Wither wind energy in New York? A very interesting question you raise, 
Simon. I read your thoughts and found them provocative. Here are mine.

I think it is useful to think of wind as a natural resource, as you do, but 
it is a resource akin to land, rather than the depletable resources like 
coal or gas. Like land, wind is a distributed resource, making it 
impossible to exploit with large centralized facilities. That doesn't mean 
that there isn't an economy of scale. The best quality wind is at higher 
altitudes, making tall turbines (read expensive) the most efficient way to 
harvest the resource. That fact alone is enough to drive the investment in 
the direction of investors with deep pockets to organize the efforts and 
win approval. Given how easy it is to thwart small-scale efforts with 
limited financial backing, it is not surprising that the development is 
driven by utilities.

Since the resource is land-associated, it will tend to be seen as an asset 
connected to the land. Control of the asset depends on controlling the 
land. Of course, controlling the land does not suffice, since land use 
controls give the government and those controlling it a say. We can 
influence how the resource is tapped, and who gets to do it.

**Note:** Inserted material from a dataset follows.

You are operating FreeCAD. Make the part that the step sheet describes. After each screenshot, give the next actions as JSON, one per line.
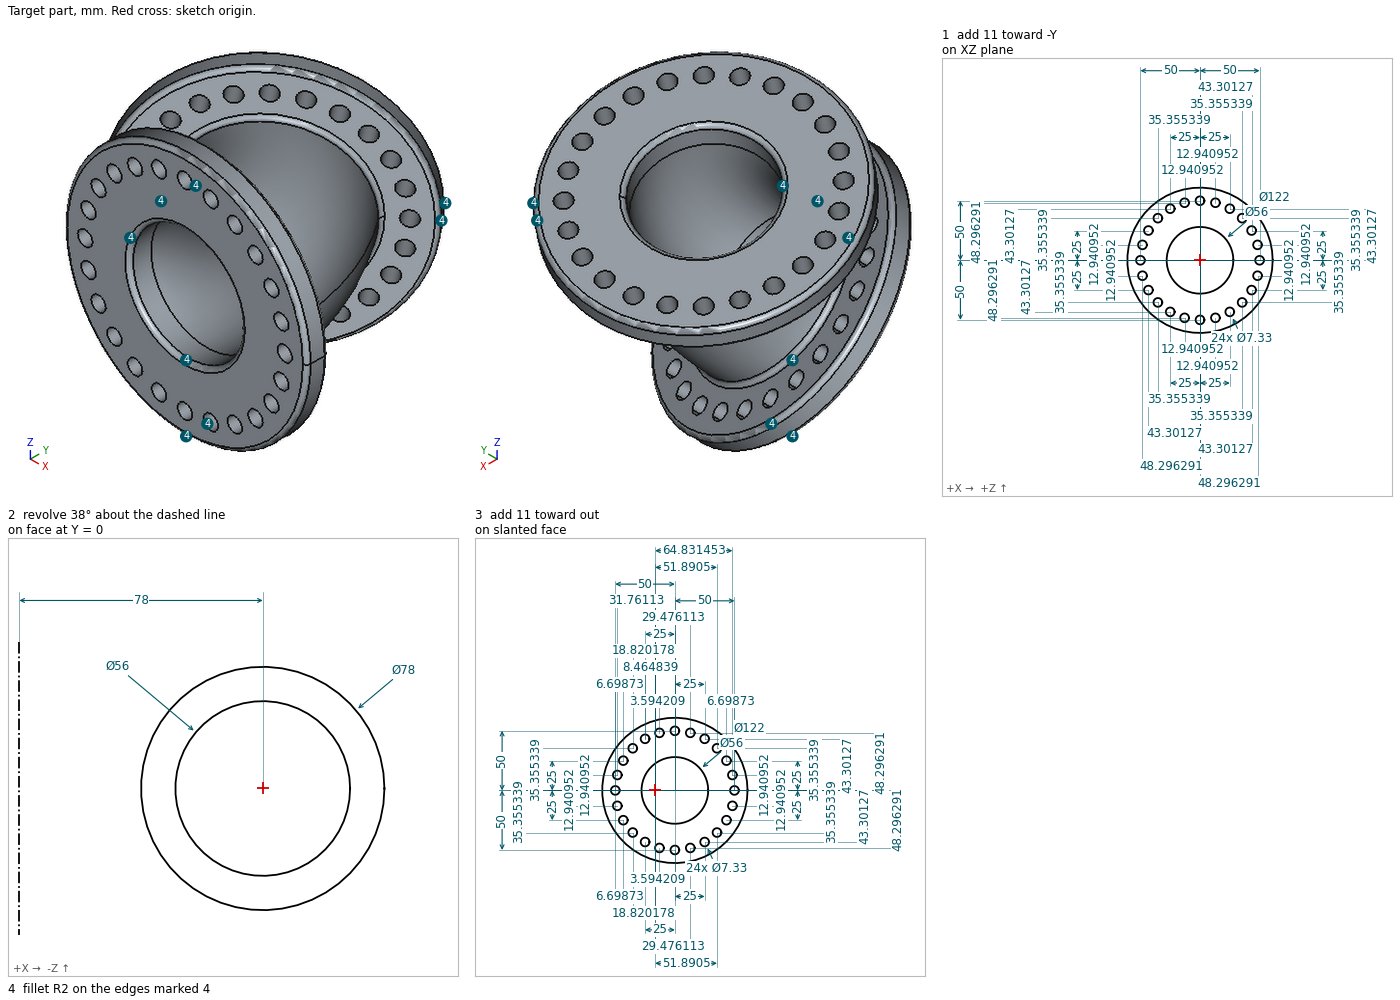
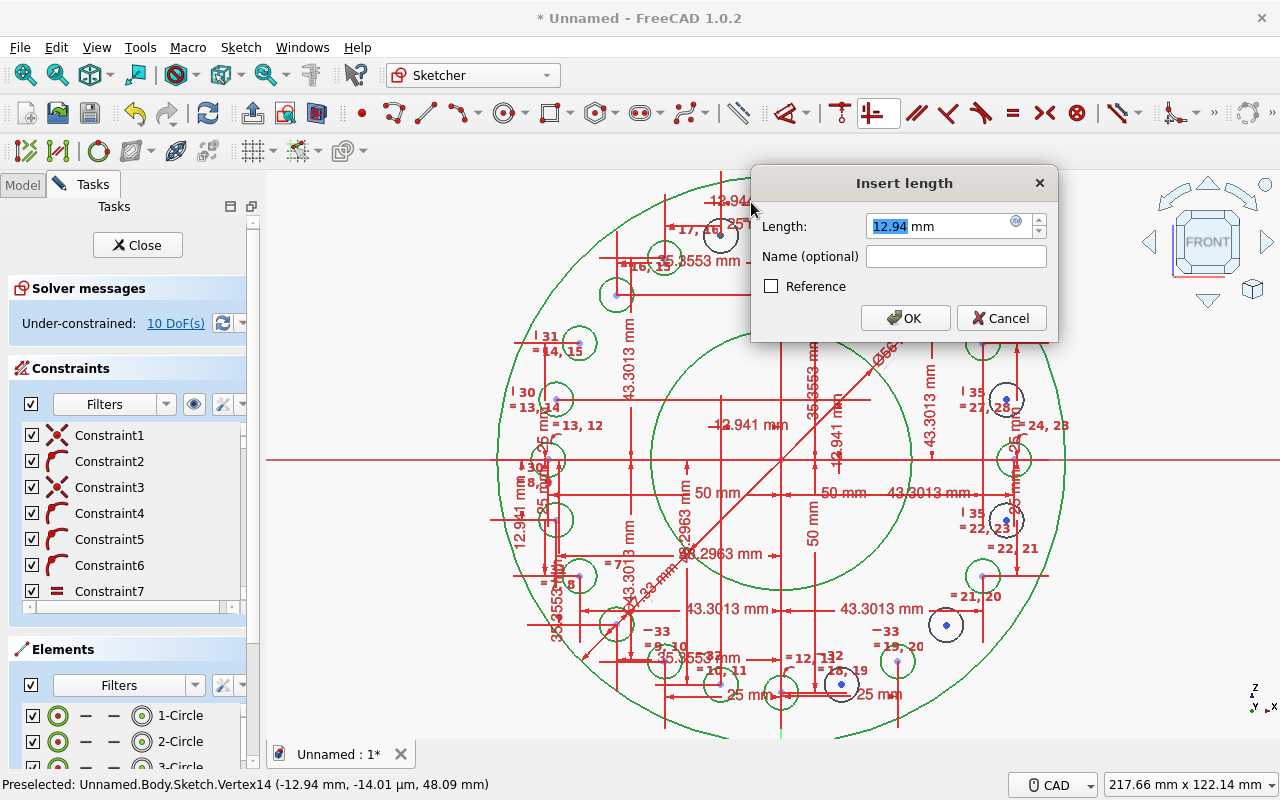
{"action": "type", "text": "12.940952"}
{"action": "key", "text": "Return"}

Given the imperative to rapidly ramp up our alternative energy production, 
and given wind's compelling advantage in being already competitive with new 
coal plants at today's price of coal, we should make a real effort to 
rapidly come to agreement about how best to expedite use of this resource. 
I can easily imagine big money rapidly gobbling up the best sites. There is 
money to be made, and the world needs the investment.

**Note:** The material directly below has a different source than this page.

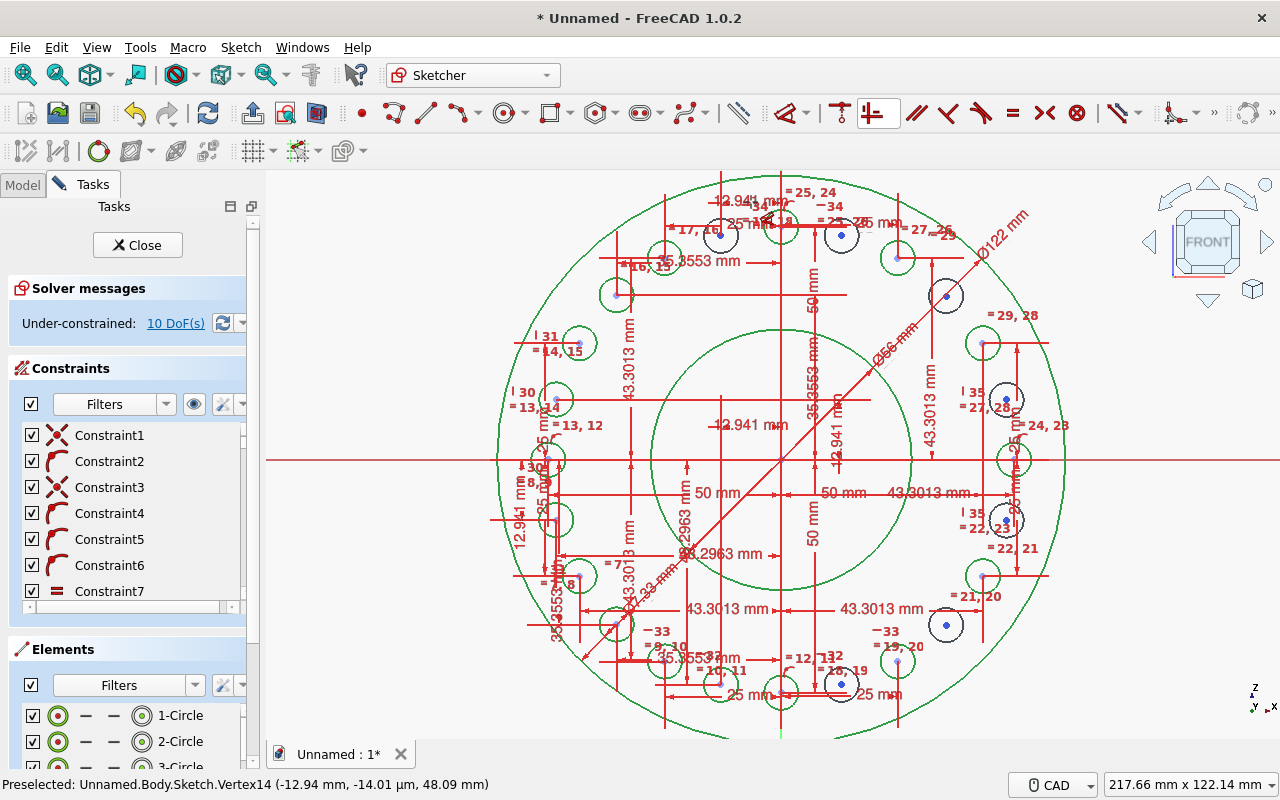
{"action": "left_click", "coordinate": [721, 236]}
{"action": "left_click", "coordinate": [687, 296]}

I can also imagine at least regional cooperative wind energy development, 
perhaps with government playing an enabling role in a public-private 
partnership, or with completely municipally-owned systems as exists for 
electricity distribution in Groton.

Rather than argue about whether we should use wind (arguably our best 
available alternative energy technology), I think we should focus on how it 
gets used and who profits. We are already exporting our capital to our 
energy suppliers with our dependence on oil. It would be a sad outcome if 
we position ourselves to continue doing so after we switch to renewable 
energy sources because foreigners were the ones to seize the opportunities 
to exploit our resource and then profit by selling the harvested energy 
back to us. While we can tax the production, it would be much better to 
keep more of the money local. Can we organize a county wind utility?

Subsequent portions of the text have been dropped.